We have developed a less invasive approach toward measuring both tissue synthesis and breakdown (and thus net balance) that does not require catheterization of femoral vessels or measurement of tissue blood flow (7, 17, 28). This approach involves giving a bolus injection of labeled amino acids and taking peripheral blood samples and muscle biopsies. In addition to being less invasive than arterial and venous catheterization, the new approach also has the advantages that the measurement of blood flow is not required and that it is logistically simpler to give a bolus of tracer rather than a constant infusion of tracer. We have found that the new approach generates results that are comparable with the A-V approach (7, 28) under controlled conditions. Nevertheless, this new approach also assumes the presence of a physiological steady state, which would not be expected to apply if one wants to measure the acute response to perturbations such as ingestion of a bolus of amino acids or protein. Therefore, the goal of the present experiment was to modify the bolus tracer injection approach to determine both fractional sysnthesis rate (FSR) and fractional breakdown rate (FBR) of leg muscle protein during a physiological non-steady state. We have assessed the validity of the new approach by comparing simultaneously the FSR and FBR computed by threonine and phenylalanine tracers when a large unlabeled phenylalanine bolus is given. The rationale was that after the bolus injection there was a non-steady state of phenylalanine kinetics, whereas threonine kinetics remained stable. Thus, the FBR value calculated from the threonine tracer served as a reference to evaluate the validity of the measurement from the phenylalanine tracer, which was under a non-steady-state condition due to the concomitant injection of a large dose of unlabeled phenylalanine.
We used male New Zealand white rabbits (Myrtle's Rabbitry, Thompson Station, TN) weighing ∼4.5 kg. The rabbits were housed in individual cages and fed Lab Rabbit chow 5326 (Purina Mills, St. Louis, MO) for weight maintenance. This study was approved by the Animal Care and Use Committee of the University of Texas Medical Branch, Galveston, TX.
l-Phenylalanine was purchased from Sigma-Aldrich (St. Louis, MO).
l-[ring-13C6]phenylalanine (99% enriched), U-13C9-15N-phenylalanine (99% enriched), l-[U-13C4,15N]threonine (99% enriched), and [15N]threonine (99% enriched) were purchased from Cambridge Isotope Laboratories (Woburn, MA).

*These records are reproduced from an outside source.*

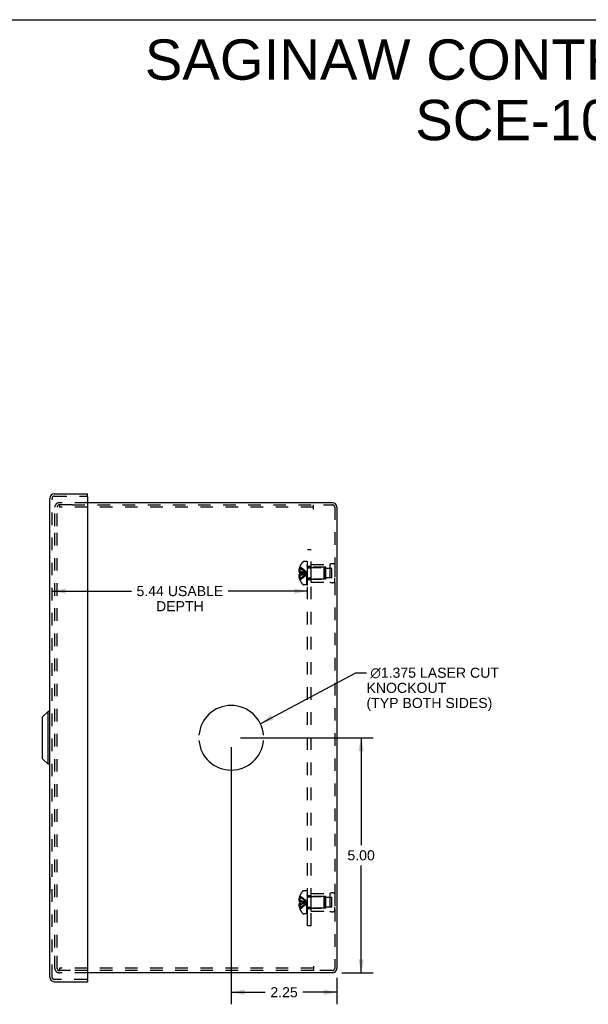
# Model space of a CAD drawing. Header units: inches. Extents: x 0 to 48.6, y 0 to 31.4.
# Tile 13 of 14: x 23.8 to 35.9, y 10.5 to 31.4. Entities that reach past the tile are written whole.
import ezdxf

# ---------------------------------------------------------------- set-up
doc = ezdxf.new("R2010")
doc.units = ezdxf.units.IN
doc.header["$LTSCALE"] = 2.671429
doc.header["$MEASUREMENT"] = 0
doc.linetypes.add('HIDDEN', pattern=[0.2, 0.1, -0.1])
doc.layers.get('0').update_dxf_attribs({"linetype": 'CONTINUOUS'})
for name, color, linetype in [('DEFAULT_2', 8, 'HIDDEN'), ('DIMENSIONS', 7, 'CONTINUOUS'), ('DOOR_ASSEMBLY', 7, 'CONTINUOUS'), ('OPEN', 7, 'CONTINUOUS'), ('SUBPANEL', 7, 'CONTINUOUS')]:
    doc.layers.add(name, color=color, linetype=linetype)
doc.styles.get("Standard").update_dxf_attribs({"font": 'arial.ttf'})
doc.dimstyles.new('DIMSTYLE_1', dxfattribs={"dimtxt": 0.214286, "dimasz": 0.285714, "dimexe": 0.09, "dimexo": 0.07, "dimgap": 0.0375, "dimtad": 0, "dimtih": 1, "dimtoh": 1, "dimzin": 4, "dimdsep": 46, "dimtxsty": 'Standard', "dimblk": '_FILLED', "dimblk1": '_FILLED', "dimblk2": '_FILLED', "dimcen": 0.09, "dimadec": 3, "dimazin": 1, "dimtfac": 1, "dimtdec": 3, "dimtofl": 0, "dimtmove": 0, "dimatfit": 3, "dimldrblk": '_FILLED', "dimfxl": 0, "dimtolj": 1, "dimtzin": 4, "dimarcsym": 0})
doc.dimstyles.get("Standard").update_dxf_attribs({"dimtxt": 0.242857, "dimasz": 0.285714, "dimexe": 0.09, "dimexo": 0.07, "dimgap": 0.09, "dimtad": 0, "dimtih": 1, "dimtoh": 1, "dimdec": 3, "dimzin": 4, "dimdsep": 46, "dimtxsty": 'Standard', "dimblk": '_FILLED', "dimblk1": '_FILLED', "dimblk2": '_FILLED', "dimcen": 0.09, "dimadec": 3, "dimazin": 1, "dimtp": 0.001, "dimtm": 0.001, "dimtfac": 1, "dimtdec": 3, "dimtofl": 0, "dimtmove": 0, "dimatfit": 3, "dimldrblk": '_FILLED', "dimfxl": 0, "dimtolj": 1, "dimtzin": 4, "dimarcsym": 0})

# ---------------------------------------------------------------- blocks, each defined once
blk = doc.blocks.new('_FILLED')
at = {"color": 0, "linetype": 'ByBlock'}
blk.add_solid([(0, 0), (-1, 0.2), (-1, -0.2)], dxfattribs=at)
blk = doc.blocks.new('*D15')
at = {"layer": 'DIMENSIONS', "color": 2, "linetype": 'Continuous'}
for p, q in [((24.501, 19.276), (26.19, 19.276)), ((29.937, 19.276), (28.248, 19.276))]:
    blk.add_line(p, q, dxfattribs=at)
at = {"layer": 'DIMENSIONS', "color": 2, "linetype": 'Continuous', "xscale": 0.2857142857, "yscale": 0.2857142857, "zscale": 0.2857142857, "rotation": 180}
blk.add_blockref('_FILLED', (24.501, 19.276), dxfattribs=at)
at = {"layer": 'DIMENSIONS', "color": 2, "linetype": 'Continuous', "xscale": 0.2857142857, "yscale": 0.2857142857, "zscale": 0.2857142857}
blk.add_blockref('_FILLED', (29.937, 19.276), dxfattribs=at)
at = {"layer": 'DIMENSIONS', "color": 2, "linetype": 'Continuous', "insert": (27.219, 19.383), "char_height": 0.21429, "width": 1.84413, "attachment_point": 2, "line_spacing_factor": 0.9}
blk.add_mtext('5.44 USABLE\\PDEPTH', dxfattribs=at)
blk = doc.blocks.new('*D20')
at = {"layer": 'DIMENSIONS', "color": 2, "linetype": 'Continuous'}
for p, q in [((28.51, 16.156), (31.331, 16.156)), ((31.074, 16.156), (31.074, 13.87)), ((31.074, 11.156), (31.074, 13.441)), ((30.665, 11.156), (31.331, 11.156))]:
    blk.add_line(p, q, dxfattribs=at)
at = {"layer": 'DIMENSIONS', "color": 2, "linetype": 'Continuous', "xscale": 0.2857142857, "yscale": 0.2857142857, "zscale": 0.2857142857}
for p, rotation in [((31.074, 16.156), 90), ((31.074, 11.156), 270)]:
    blk.add_blockref('_FILLED', p, dxfattribs=dict(at, rotation=rotation))
at = {"layer": 'DIMENSIONS', "color": 2, "linetype": 'Continuous', "insert": (31.074, 13.763), "char_height": 0.2143, "width": 0.58232, "attachment_point": 2, "line_spacing_factor": 0.9}
blk.add_mtext('5.00', dxfattribs=at)
blk = doc.blocks.new('*D21')
at = {"layer": 'DIMENSIONS', "color": 2, "linetype": 'Continuous'}
for p, q in [((28.31, 15.956), (28.31, 10.487)), ((30.56, 11.051), (30.56, 10.487)), ((28.31, 10.744), (29.036, 10.744)), ((30.56, 10.744), (29.833, 10.744))]:
    blk.add_line(p, q, dxfattribs=at)
at = {"layer": 'DIMENSIONS', "color": 2, "linetype": 'Continuous', "xscale": 0.2857142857, "yscale": 0.2857142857, "zscale": 0.2857142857, "rotation": 180}
blk.add_blockref('_FILLED', (28.31, 10.744), dxfattribs=at)
at = {"layer": 'DIMENSIONS', "color": 2, "linetype": 'Continuous', "xscale": 0.2857142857, "yscale": 0.2857142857, "zscale": 0.2857142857}
blk.add_blockref('_FILLED', (30.56, 10.744), dxfattribs=at)
at = {"layer": 'DIMENSIONS', "color": 2, "linetype": 'Continuous', "insert": (29.435, 10.851), "char_height": 0.2143, "width": 0.58232, "attachment_point": 2, "line_spacing_factor": 0.9}
blk.add_mtext('2.25', dxfattribs=at)

msp = doc.modelspace()

# ---------------------------------------------------------------- linework, layer by layer
at = {"color": 7, "linetype": 'Continuous'}
msp.add_line((0, 31.429), (48.571, 31.429), dxfattribs=at)
at = {"color": 3, "linetype": 'Continuous'}
for p, q in [((30.465, 21.156), (25.251, 21.156)), ((30.56, 21.061), (30.56, 11.251)), ((30.465, 11.156), (25.251, 11.156))]:
    msp.add_line(p, q, dxfattribs=at)
for centre, start, end in [((30.465, 21.061), 0, 90), ((30.465, 11.251), 270, 360)]:
    msp.add_arc(centre, 0.0948, start, end, dxfattribs=at)
at = {"layer": 'DEFAULT_2', "color": 8, "linetype": 'HIDDEN'}
for p, q in [((25.251, 21.156), (24.655, 21.156)), ((24.56, 20.656), (24.56, 21.061)), ((24.608, 20.656), (24.608, 21.061)), ((24.933, 21.108), (24.655, 21.108)), ((24.658, 21.108), (24.658, 21.06)), ((30.06, 21.06), (24.658, 21.06)), ((24.933, 21.108), (30.465, 21.108)), ((30.06, 21.013), (30.06, 21.108)), ((30.512, 21.061), (30.512, 11.251)), ((24.56, 11.696), (24.56, 20.616)), ((24.608, 11.696), (24.608, 20.616)), ((29.917, 19.902), (29.855, 19.902)), ((29.917, 19.41), (29.917, 19.902)), ((29.922, 19.41), (29.922, 19.899)), ((29.937, 19.899), (29.922, 19.899)), ((29.937, 19.41), (29.937, 19.899)), ((29.771, 19.705), (29.749, 19.705)), ((29.771, 19.76), (29.758, 19.76)), ((29.771, 19.795), (29.771, 19.796)), ((29.771, 19.796), (29.771, 19.796)), ((29.771, 19.795), (29.771, 19.674)), ((29.937, 19.863), (29.922, 19.863)), ((29.937, 19.857), (29.922, 19.857)), ((29.937, 19.834), (29.922, 19.834)), ((29.937, 19.794), (29.922, 19.794)), ((29.937, 19.779), (29.922, 19.779)), ((29.937, 19.702), (29.922, 19.702)), ((29.937, 19.701), (29.922, 19.701)), ((29.954, 19.78), (30.282, 19.78)), ((30.012, 19.468), (30.012, 19.844)), ((30.012, 19.844), (30.412, 19.844)), ((30.324, 19.781), (30.012, 19.781)), ((30.282, 19.78), (30.282, 19.532)), ((30.292, 19.77), (30.282, 19.78)), ((30.292, 19.542), (30.292, 19.77)), ((30.324, 19.531), (30.324, 19.781)), ((30.449, 19.757), (30.324, 19.757)), ((30.412, 19.844), (30.412, 19.468)), ((30.449, 19.554), (30.449, 19.757)), ((30.512, 19.844), (30.512, 19.756)), ((30.512, 19.844), (30.512, 19.468)), ((29.771, 19.606), (29.749, 19.606)), ((29.771, 19.674), (29.758, 19.674)), ((29.771, 19.638), (29.758, 19.638)), ((29.771, 19.551), (29.758, 19.551)), ((29.771, 19.674), (29.771, 19.674)), ((29.771, 19.674), (29.8, 19.671)), ((29.771, 19.638), (29.771, 19.516)), ((29.771, 19.638), (29.771, 19.638)), ((29.771, 19.516), (29.771, 19.515)), ((29.771, 19.515), (29.771, 19.515)), ((29.8, 19.671), (29.828, 19.668)), ((29.907, 19.652), (29.932, 19.656)), ((29.907, 19.652), (29.932, 19.656)), ((29.937, 19.569), (29.922, 19.569)), ((29.937, 19.561), (29.922, 19.561)), ((29.937, 19.501), (29.922, 19.501)), ((29.937, 19.479), (29.922, 19.479)), ((29.954, 19.532), (30.282, 19.532)), ((30.324, 19.531), (30.012, 19.531)), ((30.292, 19.542), (30.282, 19.532)), ((30.449, 19.554), (30.324, 19.554)), ((30.512, 19.468), (30.512, 19.556)), ((29.917, 19.41), (29.855, 19.41)), ((29.937, 19.461), (29.922, 19.461)), ((29.937, 19.425), (29.922, 19.425)), ((29.922, 19.41), (29.937, 19.41)), ((30.012, 19.468), (30.412, 19.468)), ((29.771, 12.796), (29.771, 12.796)), ((29.771, 12.796), (29.771, 12.795)), ((29.771, 12.795), (29.771, 12.674)), ((29.917, 12.902), (29.855, 12.902)), ((29.917, 12.41), (29.917, 12.902)), ((29.937, 12.899), (29.922, 12.899)), ((29.922, 12.41), (29.922, 12.899)), ((29.937, 12.863), (29.922, 12.863)), ((29.937, 12.857), (29.922, 12.857)), ((29.937, 12.834), (29.922, 12.834)), ((29.937, 12.794), (29.922, 12.794)), ((29.937, 12.779), (29.922, 12.779)), ((29.937, 12.41), (29.937, 12.899)), ((29.954, 12.78), (30.282, 12.78)), ((30.012, 12.844), (30.412, 12.844)), ((30.012, 12.468), (30.012, 12.844)), ((30.324, 12.781), (30.012, 12.781)), ((30.292, 12.77), (30.282, 12.78)), ((30.282, 12.78), (30.282, 12.532)), ((30.324, 12.531), (30.324, 12.781)), ((30.412, 12.844), (30.412, 12.468)), ((30.512, 12.844), (30.512, 12.756)), ((30.512, 12.844), (30.512, 12.468)), ((29.771, 12.705), (29.749, 12.705)), ((29.771, 12.606), (29.749, 12.606)), ((29.771, 12.76), (29.758, 12.76)), ((29.771, 12.674), (29.758, 12.674)), ((29.771, 12.638), (29.758, 12.638)), ((29.771, 12.674), (29.771, 12.674)), ((29.771, 12.674), (29.8, 12.671)), ((29.771, 12.638), (29.771, 12.638)), ((29.771, 12.638), (29.771, 12.516)), ((29.8, 12.671), (29.828, 12.668)), ((29.907, 12.652), (29.932, 12.656)), ((29.907, 12.652), (29.932, 12.656)), ((29.937, 12.702), (29.922, 12.702)), ((29.937, 12.701), (29.922, 12.701)), ((29.937, 12.569), (29.922, 12.569)), ((30.292, 12.542), (30.292, 12.77)), ((30.449, 12.757), (30.324, 12.757)), ((30.449, 12.554), (30.449, 12.757)), ((29.771, 12.551), (29.758, 12.551)), ((29.771, 12.516), (29.771, 12.515)), ((29.771, 12.515), (29.771, 12.515)), ((29.917, 12.41), (29.855, 12.41)), ((29.937, 12.561), (29.922, 12.561)), ((29.937, 12.501), (29.922, 12.501)), ((29.937, 12.479), (29.922, 12.479)), ((29.937, 12.461), (29.922, 12.461)), ((29.937, 12.425), (29.922, 12.425)), ((29.922, 12.41), (29.937, 12.41)), ((29.954, 12.532), (30.282, 12.532)), ((30.324, 12.531), (30.012, 12.531)), ((30.012, 12.468), (30.412, 12.468)), ((30.292, 12.542), (30.282, 12.532)), ((30.449, 12.554), (30.324, 12.554)), ((30.512, 12.468), (30.512, 12.556)), ((24.56, 11.251), (24.56, 11.656)), ((24.608, 11.251), (24.608, 11.656)), ((24.676, 11.204), (24.655, 11.204)), ((25.251, 11.156), (24.655, 11.156)), ((30.06, 11.252), (24.658, 11.252)), ((24.658, 11.252), (24.658, 11.204)), ((24.891, 11.204), (24.676, 11.204)), ((30.06, 11.204), (24.891, 11.204)), ((30.06, 11.299), (30.06, 11.204)), ((30.465, 11.204), (30.06, 11.204))]:
    msp.add_line(p, q, dxfattribs=at)
for points in [[(29.758, 19.76), (29.756, 19.753), (29.754, 19.746), (29.753, 19.739), (29.752, 19.733), (29.751, 19.726), (29.75, 19.719), (29.749, 19.712), (29.749, 19.705)], [(29.749, 19.705), (29.749, 19.702), (29.75, 19.699), (29.75, 19.696), (29.751, 19.693), (29.752, 19.69), (29.752, 19.687), (29.754, 19.684), (29.755, 19.681), (29.756, 19.677), (29.758, 19.674)], [(29.771, 19.796), (29.8, 19.776), (29.828, 19.755), (29.855, 19.733), (29.881, 19.708), (29.907, 19.683), (29.932, 19.656)], [(29.771, 19.76), (29.8, 19.746), (29.828, 19.73), (29.855, 19.713), (29.881, 19.695), (29.907, 19.676), (29.932, 19.656)], [(29.771, 19.705), (29.8, 19.698), (29.828, 19.691), (29.855, 19.683), (29.881, 19.674), (29.907, 19.665), (29.932, 19.656)], [(29.758, 19.638), (29.756, 19.634), (29.755, 19.631), (29.754, 19.627), (29.752, 19.624), (29.752, 19.621), (29.751, 19.618), (29.75, 19.615), (29.75, 19.612), (29.749, 19.609), (29.749, 19.606)], [(29.749, 19.606), (29.749, 19.599), (29.75, 19.593), (29.751, 19.586), (29.752, 19.579), (29.753, 19.572), (29.754, 19.565), (29.756, 19.558), (29.758, 19.551)], [(29.771, 19.674), (29.771, 19.671), (29.771, 19.668), (29.771, 19.665), (29.771, 19.662), (29.771, 19.659), (29.771, 19.656)], [(29.771, 19.551), (29.8, 19.566), (29.828, 19.582), (29.855, 19.598), (29.881, 19.616), (29.907, 19.636), (29.932, 19.656)], [(29.771, 19.515), (29.8, 19.535), (29.828, 19.556), (29.855, 19.579), (29.881, 19.603), (29.907, 19.629), (29.932, 19.656)], [(29.771, 19.656), (29.771, 19.653), (29.771, 19.65), (29.771, 19.647), (29.771, 19.644), (29.771, 19.641), (29.771, 19.638)], [(29.771, 19.606), (29.8, 19.613), (29.828, 19.621), (29.855, 19.629), (29.881, 19.637), (29.907, 19.646), (29.932, 19.656)], [(29.771, 19.638), (29.8, 19.64), (29.828, 19.643), (29.855, 19.646), (29.881, 19.649), (29.907, 19.652)], [(29.771, 19.638), (29.8, 19.64), (29.828, 19.643), (29.855, 19.646), (29.881, 19.649)], [(29.828, 19.668), (29.855, 19.666), (29.881, 19.662), (29.907, 19.659), (29.932, 19.656)], [(29.855, 19.666), (29.881, 19.662), (29.907, 19.659), (29.932, 19.656)], [(29.771, 12.796), (29.8, 12.776), (29.828, 12.755), (29.855, 12.733), (29.881, 12.708), (29.907, 12.683), (29.932, 12.656)], [(29.758, 12.76), (29.756, 12.753), (29.754, 12.746), (29.753, 12.739), (29.752, 12.733), (29.751, 12.726), (29.75, 12.719), (29.749, 12.712), (29.749, 12.705)], [(29.749, 12.705), (29.749, 12.702), (29.75, 12.699), (29.75, 12.696), (29.751, 12.693), (29.752, 12.69), (29.752, 12.687), (29.754, 12.684), (29.755, 12.681), (29.756, 12.677), (29.758, 12.674)], [(29.758, 12.638), (29.756, 12.634), (29.755, 12.631), (29.754, 12.627), (29.752, 12.624), (29.752, 12.621), (29.751, 12.618), (29.75, 12.615), (29.75, 12.612), (29.749, 12.609), (29.749, 12.606)], [(29.749, 12.606), (29.749, 12.599), (29.75, 12.593), (29.751, 12.586), (29.752, 12.579), (29.753, 12.572), (29.754, 12.565), (29.756, 12.558), (29.758, 12.551)], [(29.771, 12.76), (29.8, 12.746), (29.828, 12.73), (29.855, 12.713), (29.881, 12.695), (29.907, 12.676), (29.932, 12.656)], [(29.771, 12.705), (29.8, 12.698), (29.828, 12.691), (29.855, 12.683), (29.881, 12.674), (29.907, 12.665), (29.932, 12.656)], [(29.771, 12.656), (29.771, 12.659), (29.771, 12.662), (29.771, 12.665), (29.771, 12.668), (29.771, 12.671), (29.771, 12.674)], [(29.771, 12.606), (29.8, 12.613), (29.828, 12.621), (29.855, 12.629), (29.881, 12.637), (29.907, 12.646), (29.932, 12.656)], [(29.771, 12.638), (29.771, 12.641), (29.771, 12.644), (29.771, 12.647), (29.771, 12.65), (29.771, 12.653), (29.771, 12.656)], [(29.771, 12.515), (29.8, 12.535), (29.828, 12.556), (29.855, 12.579), (29.881, 12.603), (29.907, 12.629), (29.932, 12.656)], [(29.771, 12.551), (29.8, 12.566), (29.828, 12.582), (29.855, 12.598), (29.881, 12.616), (29.907, 12.636), (29.932, 12.656)], [(29.771, 12.638), (29.8, 12.64), (29.828, 12.643), (29.855, 12.646), (29.881, 12.649), (29.907, 12.652)], [(29.771, 12.638), (29.8, 12.64), (29.828, 12.643), (29.855, 12.646), (29.881, 12.649)], [(29.828, 12.668), (29.855, 12.666), (29.881, 12.662), (29.907, 12.659), (29.932, 12.656)], [(29.855, 12.666), (29.881, 12.662), (29.907, 12.659), (29.932, 12.656)]]:
    msp.add_lwpolyline(points, dxfattribs=at)
for centre, radius, start, end in [((24.655, 21.061), 0.0948, 90, 180), ((24.655, 21.061), 0.0468, 90, 180), ((30.465, 21.061), 0.0468, 0, 90), ((29.855, 19.867), 0.035, 90, 139.0666), ((30.099, 19.656), 0.357, 156.9983, 162.9593), ((30.099, 19.656), 0.357, 139.0666, 156.8097), ((29.954, 19.817), 0.0372, 180, 210.0497), ((29.954, 19.817), 0.0372, 242.4601, 270), ((30.462, 19.757), 0.1, 60.0508, 119.9492), ((30.099, 19.656), 0.357, 197.0407, 203.0017), ((30.099, 19.656), 0.357, 203.1903, 220.9334), ((29.954, 19.495), 0.0372, 149.9503, 180), ((29.954, 19.495), 0.0372, 90, 117.5399), ((29.855, 19.445), 0.035, 220.9334, 270), ((30.462, 19.554), 0.1, 240.0508, 299.9492), ((30.099, 12.656), 0.357, 156.9983, 162.9593), ((30.099, 12.656), 0.357, 139.0666, 156.8097), ((29.855, 12.867), 0.035, 90, 139.0666), ((29.954, 12.817), 0.0372, 180, 210.0497), ((29.954, 12.817), 0.0372, 242.4601, 270), ((30.462, 12.757), 0.1, 60.0508, 119.9492), ((30.099, 12.656), 0.357, 197.0407, 203.0017), ((30.099, 12.656), 0.357, 203.1903, 220.9334), ((29.855, 12.445), 0.035, 220.9334, 270), ((29.954, 12.495), 0.0372, 149.9503, 180), ((29.954, 12.495), 0.0372, 90, 117.5399), ((30.462, 12.554), 0.1, 240.0508, 299.9492), ((24.655, 11.251), 0.0948, 180, 270), ((24.655, 11.251), 0.0468, 180, 270), ((30.465, 11.251), 0.0468, 270, 360)]:
    msp.add_arc(centre, radius, start, end, dxfattribs=at)
at = {"layer": 'DOOR_ASSEMBLY', "color": 3, "linetype": 'Continuous'}
for p, q in [((24.453, 11.063), (24.453, 21.248)), ((24.548, 21.343), (25.251, 21.343)), ((25.251, 21.28), (25.251, 11.031)), ((24.548, 10.968), (25.251, 10.968))]:
    msp.add_line(p, q, dxfattribs=at)
at = {"layer": 'DOOR_ASSEMBLY', "color": 8, "linetype": 'HIDDEN'}
for p, q in [((24.501, 11.063), (24.501, 21.248)), ((24.548, 21.295), (25.236, 21.295)), ((25.236, 11.016), (24.548, 11.016))]:
    msp.add_line(p, q, dxfattribs=at)
at = {"layer": 'DOOR_ASSEMBLY', "color": 7, "linetype": 'Continuous'}
for p, q in [((25.251, 21.295), (25.236, 21.295)), ((25.251, 21.295), (25.251, 21.343)), ((24.297, 16.6), (24.415, 16.718)), ((24.297, 15.711), (24.297, 16.6)), ((24.415, 15.593), (24.415, 16.718)), ((24.453, 16.718), (24.415, 16.718)), ((24.297, 15.711), (24.415, 15.593)), ((24.453, 15.593), (24.415, 15.593)), ((24.449, 13.185), (24.449, 12.848)), ((24.449, 13.185), (24.453, 13.185)), ((24.449, 12.848), (24.453, 12.848)), ((25.236, 11.016), (25.251, 11.016)), ((25.251, 11.016), (25.251, 10.968))]:
    msp.add_line(p, q, dxfattribs=at)
at = {"layer": 'DOOR_ASSEMBLY', "color": 3, "linetype": 'Continuous'}
for centre, radius, start, end in [((24.548, 21.248), 0.0948, 90, 180), ((25.236, 21.28), 0.015, 0, 90), ((24.548, 11.063), 0.0948, 180, 270), ((25.236, 11.031), 0.015, 270, 360)]:
    msp.add_arc(centre, radius, start, end, dxfattribs=at)
at = {"layer": 'DOOR_ASSEMBLY', "color": 8, "linetype": 'HIDDEN'}
for centre, start, end in [((24.548, 21.248), 90, 180), ((24.548, 11.063), 180, 270)]:
    msp.add_arc(centre, 0.0468, start, end, dxfattribs=at)
at = {"layer": 'OPEN', "color": 40, "linetype": 'Continuous'}
for start, end in [(4.5886, 175.4114), (184.5886, 355.4114)]:
    msp.add_arc((28.31, 16.156), 0.688, start, end, dxfattribs=at)
at = {"layer": 'SUBPANEL', "color": 8, "linetype": 'HIDDEN'}
for p, q in [((29.937, 12.156), (29.937, 20.156)), ((30.012, 20.156), (29.937, 20.156)), ((30.012, 12.156), (30.012, 20.156)), ((30.012, 19.796), (29.937, 19.796)), ((30.012, 19.765), (29.937, 19.765)), ((30.012, 19.547), (29.937, 19.547)), ((30.012, 19.515), (29.937, 19.515)), ((30.012, 12.796), (29.937, 12.796)), ((30.012, 12.765), (29.937, 12.765)), ((30.012, 12.547), (29.937, 12.547)), ((30.012, 12.515), (29.937, 12.515)), ((30.012, 12.156), (29.937, 12.156))]:
    msp.add_line(p, q, dxfattribs=at)

# ---------------------------------------------------------------- texts
at = {"layer": 'DIMENSIONS', "color": 2, "linetype": 'Continuous', "line_spacing_factor": 0.9}
for s, insert, char_height, width, attachment_point in [('SAGINAW CONTROL & ENGINEERING\\PSCE-10N806NKLP', (37.316, 31.009), 0.85714, 21.64843, 2), (' \\fgdt;{\\fgdt;n}\\fArial;1.375 LASER CUT\\PKNOCKOUT\\P(TYP BOTH SIDES)', (31.188, 17.646), 0.21429, 2.87706, 1)]:
    msp.add_mtext(s, dxfattribs=dict(at, insert=insert, char_height=char_height, width=width, attachment_point=attachment_point))

# ---------------------------------------------------------------- dimensions: what is measured, and where the dimension line sits
at = {"layer": 'DIMENSIONS', "color": 2, "linetype": 'Continuous'}
dim = msp.add_linear_dim(base=(24.501, 19.276), p1=(29.937, 19.906), p2=(24.501, 21.295), angle=180, text='<> USABLE\\PDEPTH', dimstyle='DIMSTYLE_1', dxfattribs=at)
dim.commit()
dim.dimension.update_dxf_attribs({"geometry": '*D15', "text_midpoint": (27.219, 19.115), "dimtype": 160})
for base, p1, p2, angle, picture, middle in [((31.074, 16.156), (30.595, 11.156), (28.44, 16.156), 90, '*D20', (31.074, 13.655)), ((28.31, 10.744), (30.56, 11.121), (28.31, 16.026), 180, '*D21', (29.433, 10.743))]:
    dim = msp.add_linear_dim(base=base, p1=p1, p2=p2, angle=angle, dimstyle='DIMSTYLE_1', dxfattribs=at)
    dim.commit()
    dim.dimension.update_dxf_attribs({"geometry": picture, "text_midpoint": middle, "dimtype": 160})

# ---------------------------------------------------------------- leaders
at = {"layer": 'DIMENSIONS', "color": 2, "linetype": 'Continuous', "annotation_type": 0, "has_hookline": 1, "hookline_direction": 1, "text_width": 2.756}
msp.add_leader([(28.929, 16.453), (30.961, 17.539), (31.188, 17.539)], dimstyle='Standard', override={"dimtad": 0}, dxfattribs=at)

doc.saveas('drawing.dxf')

The anesthetic and surgical procedures were described in our previous studies (28). In brief, after an overnight food deprivation with free access to water, the rabbits were anesthetized with ketamine and xylazine. The hair of the skin on the neck and legs was shaved, and catheters were placed in the right jugular vein and left carotid artery. The venous line was used for infusion of anesthetics and saline. The arterial line was used for collection of arterial blood and monitoring of heart rate and mean arterial blood pressure. A second venous line was placed in an ear vein for bolus amino acid injection. A tracheal tube was placed via tracheotomy. We studied five rabbits. Each rabbit underwent two identical tracer studies on the same day, except that the amount of unlabeled phenylalanine was 30 (low dose) and 50 mg/kg (high dose) for the first and the second studies, respectively (Table 1). The doses of l-[ring-13C6]phenylalanine were 6 and 8.3 mg/kg for the first and the second studies, respectively (Table 1). After the first tracer study, the rabbits remained anesthetized for 2 h of the “tracer washout period” before the second study.
The infusion protocol is presented in Fig. 2. After the baseline blood and muscle samples were obtained, a dose of unlabeled phenylalanine was injected intravenously (30–50 mg/kg) within 30 s (Fig. 2). Five minutes after the injection of unlabeled phenylalanine, l-[ring-13C6]phenylalanine (6–8.3 mg/kg) and l-[U-13C4,15N]threonine (20 mg/kg) were injected within 30 s. Arterial blood was drawn at 5, 15, 30, 45, and 60 min, and muscle samples from vastus lateralis were taken at 5, 30, and 60 min after the tracer injection. Plasma was separated from blood by centrifugation and was stored at −80°C for later analysis. The muscle samples were immediately frozen in liquid nitrogen; afterwards, the samples were stored at −80°C before later analysis.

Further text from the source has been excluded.